Troops and armed men on Wednesday exchanged fire in Buea, the capital of a Cameroonian region hit by separatist violence and a host city for teams in the Africa Cup of Nations (AFCON), military and aid sources said.

"Separatists attacked several districts in Buea. Army reinforcements arrived and responded," a senior military officer reached by phone told AFP on Thursday.

"It happened after the Malian squad had finished training -- it did not have an impact on the training session."

The authorities made no comment on the incident.

"There were heavy exchanges of fire between troops and separatists," Agbor Balla, a lawyer who heads an NGO called the Centre for Human Rights and Democracy in Africa, said by phone.

"Panic grew as the separatists moved towards the town centre," Balla said.

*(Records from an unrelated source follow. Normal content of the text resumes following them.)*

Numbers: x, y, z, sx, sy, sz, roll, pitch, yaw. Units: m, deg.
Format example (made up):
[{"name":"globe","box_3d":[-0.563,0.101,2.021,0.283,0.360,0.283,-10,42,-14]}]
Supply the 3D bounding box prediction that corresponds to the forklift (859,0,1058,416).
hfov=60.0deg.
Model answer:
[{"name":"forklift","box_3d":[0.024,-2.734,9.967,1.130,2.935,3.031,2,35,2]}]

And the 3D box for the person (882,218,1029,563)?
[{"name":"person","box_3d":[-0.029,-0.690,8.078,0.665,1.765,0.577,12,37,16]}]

He said one person "wearing civilian clothes" died in the exchange, but this toll was not immediately confirmed by other sources.

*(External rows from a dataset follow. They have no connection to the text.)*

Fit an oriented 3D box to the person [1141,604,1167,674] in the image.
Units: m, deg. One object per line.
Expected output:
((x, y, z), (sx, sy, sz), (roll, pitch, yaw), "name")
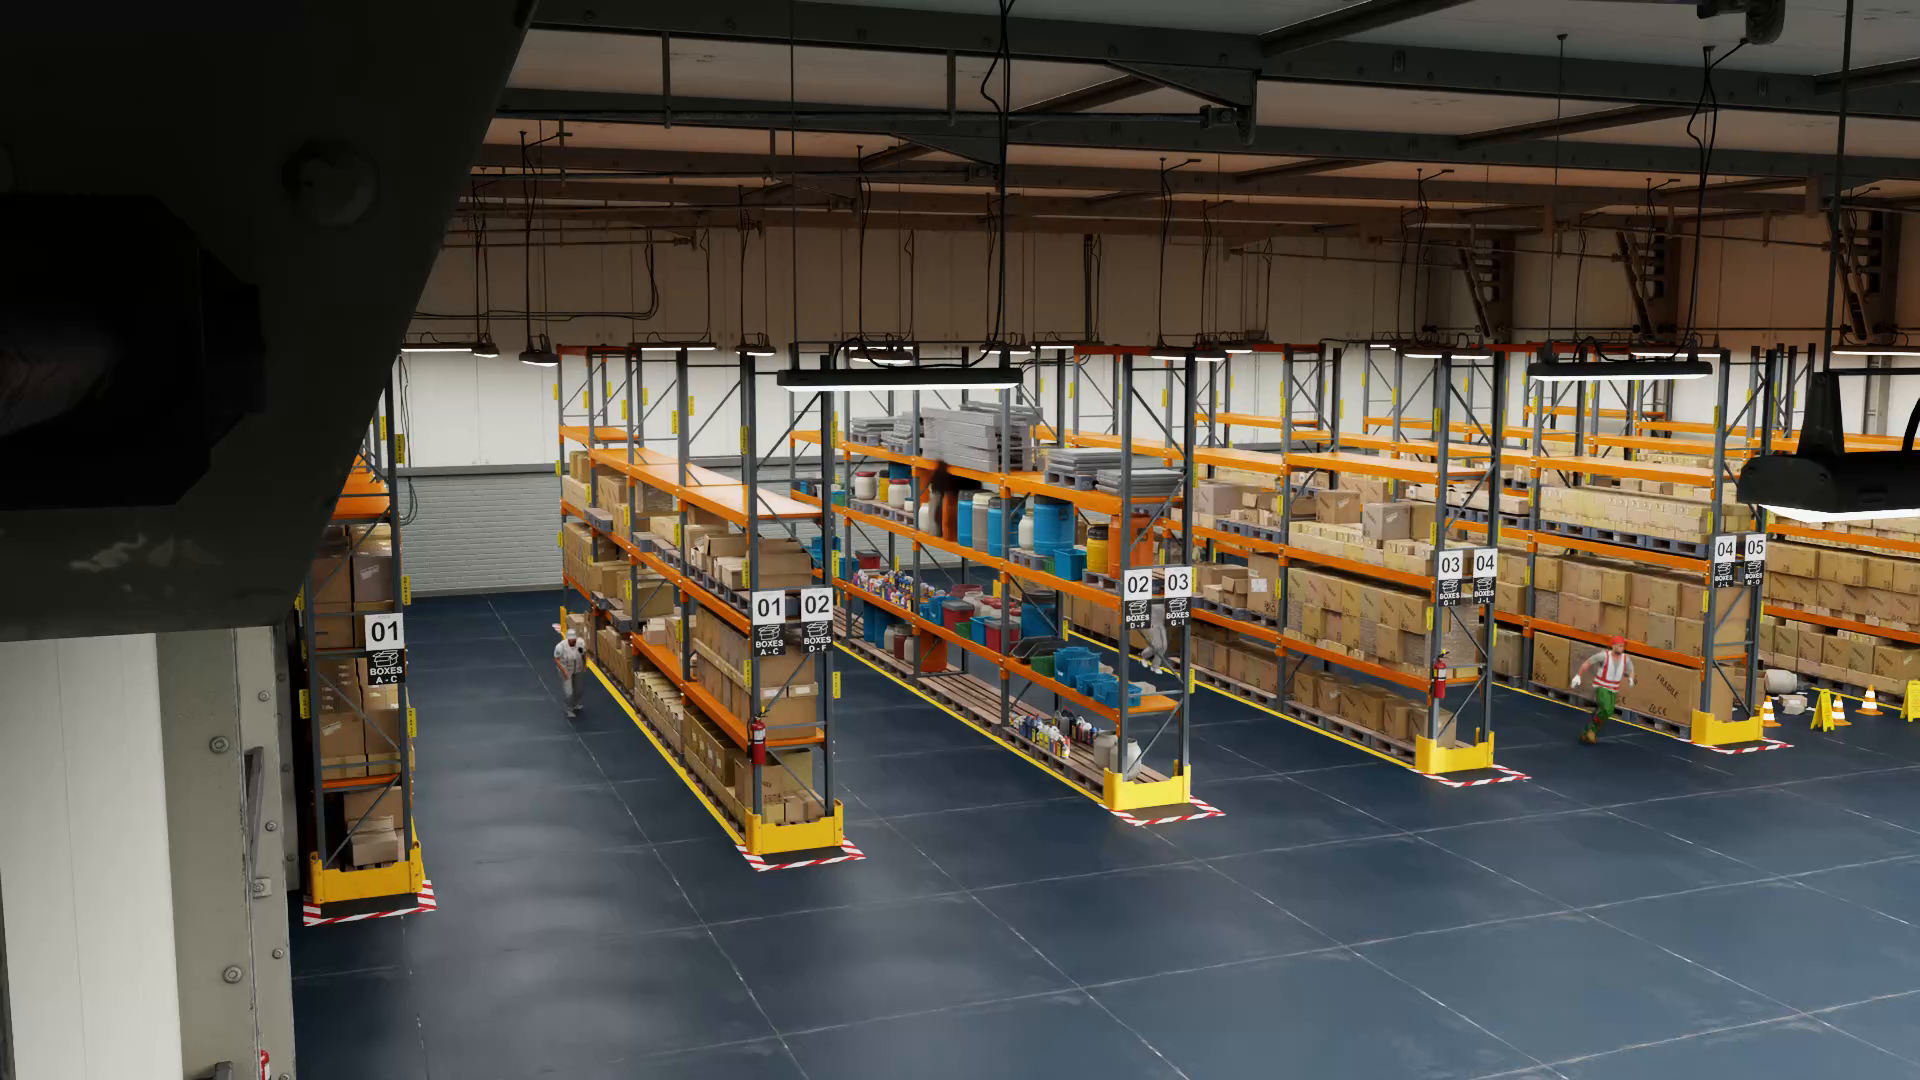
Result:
((3.438, 1.521, 29.373), (0.575, 1.635, 0.540), (-5, 9, -34), "person")

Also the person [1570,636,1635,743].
((9.877, 2.284, 25.337), (0.840, 1.671, 0.727), (-2, 8, -18), "person")

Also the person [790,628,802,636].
((-3.009, 1.592, 29.500), (0.700, 1.642, 1.000), (-4, 8, -28), "person")

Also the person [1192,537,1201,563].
((5.189, 0.731, 37.579), (0.547, 1.646, 0.643), (-2, 8, -17), "person")

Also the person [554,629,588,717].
((-6.341, 2.140, 27.173), (0.642, 1.515, 0.900), (-5, 9, -37), "person")

Buea is the capital of the Southwest Region, which with the adjacent Northwest Region has been rocked by violence since 2017, when anglophone militants declared independence from the majority French-speaking country.

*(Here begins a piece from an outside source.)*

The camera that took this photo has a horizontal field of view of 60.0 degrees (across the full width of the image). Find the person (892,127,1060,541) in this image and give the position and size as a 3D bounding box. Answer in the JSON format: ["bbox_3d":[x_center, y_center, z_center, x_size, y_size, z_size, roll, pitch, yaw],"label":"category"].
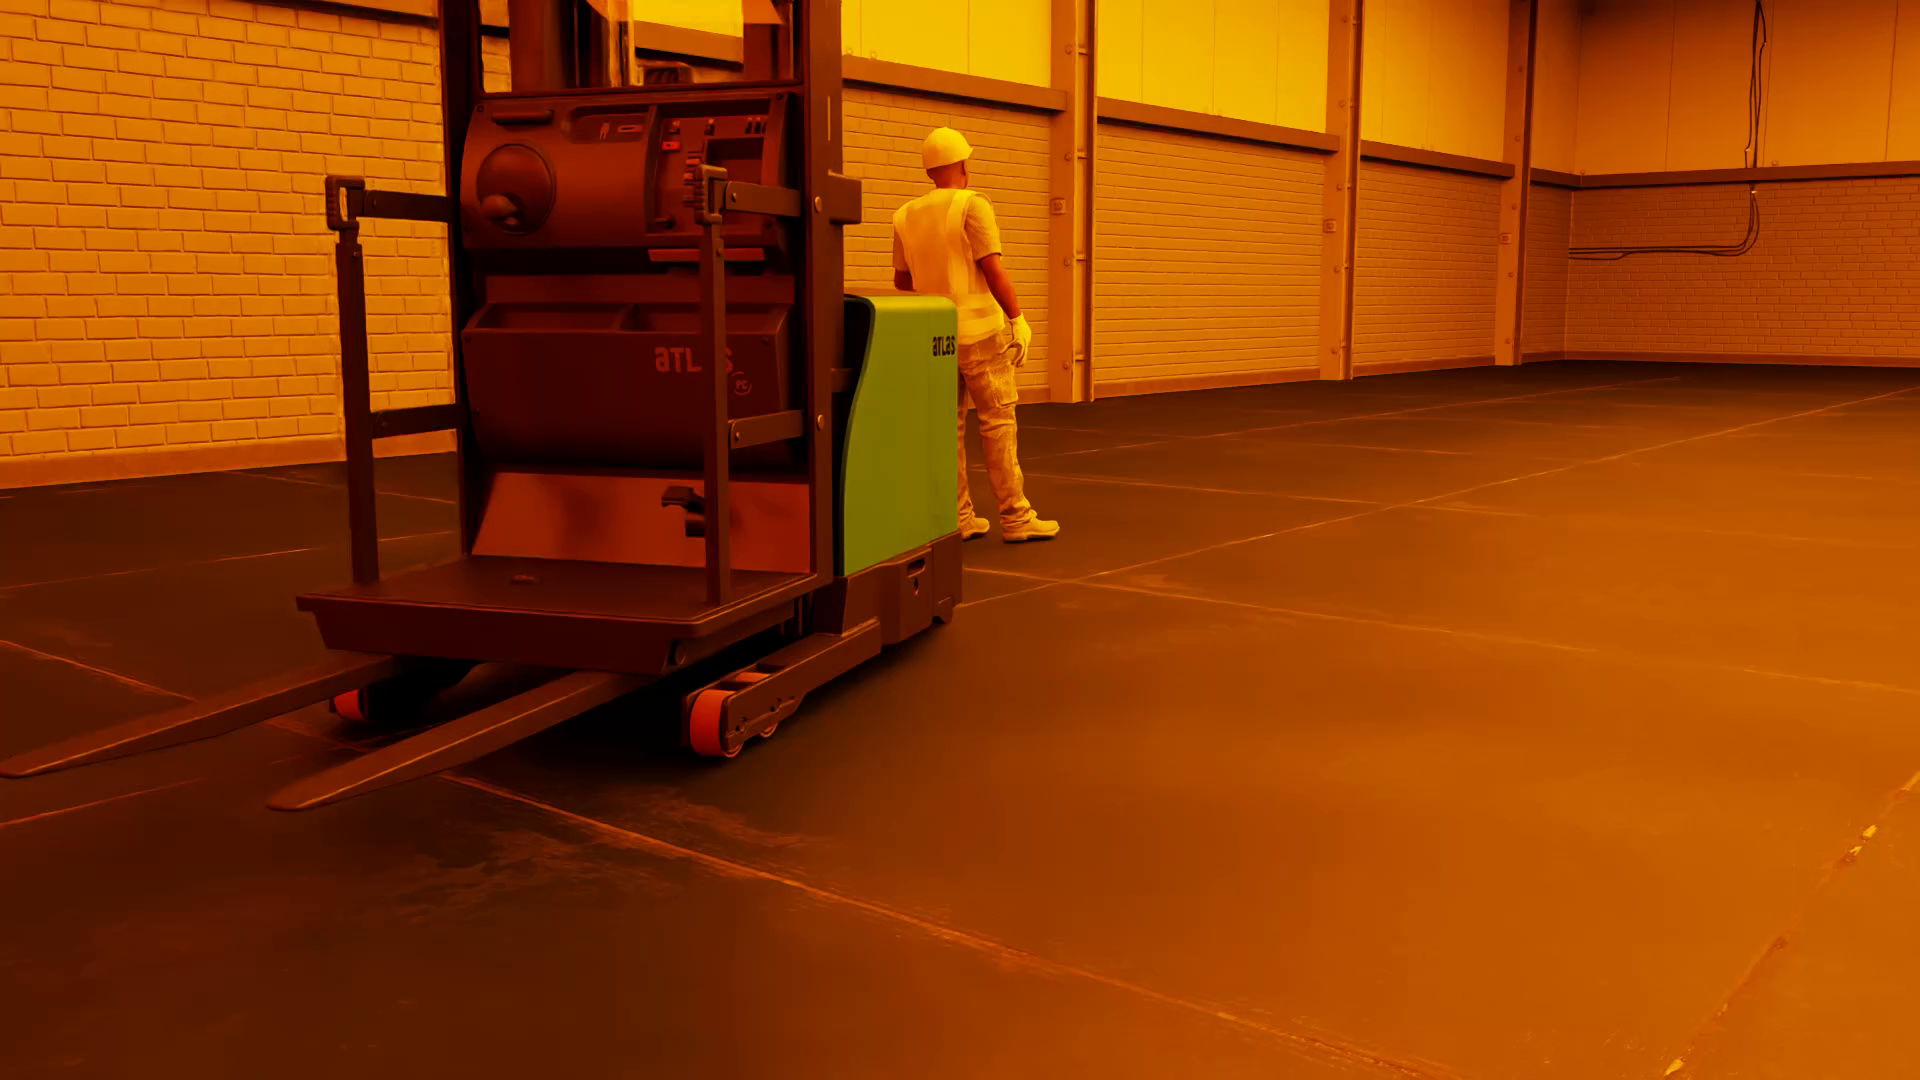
[{"bbox_3d":[0.052,-0.897,7.325,0.657,1.785,0.575,7,11,38],"label":"person"}]

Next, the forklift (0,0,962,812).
[{"bbox_3d":[-0.947,-1.002,4.130,1.130,2.935,3.031,3,9,18],"label":"forklift"}]

The central government in Yaounde responded with a crackdown.

Both the separatists and government forces have been accused of atrocities in the fighting, which has killed more than 3,000 people and forced over 700,000 to flee their homes.

Armed groups are regularly accused of abducting, killing or injuring civilians whom they accuse of "collaborating" with Cameroonian authorities.

Armed groups had warned before the start of AFCON last Sunday that they planned to disrupt the month-long tournament.

Teams in Group F -- Tunisia, Mali, Mauritania and Gambia -- train in Buea and play in the coastal resort of Limbe.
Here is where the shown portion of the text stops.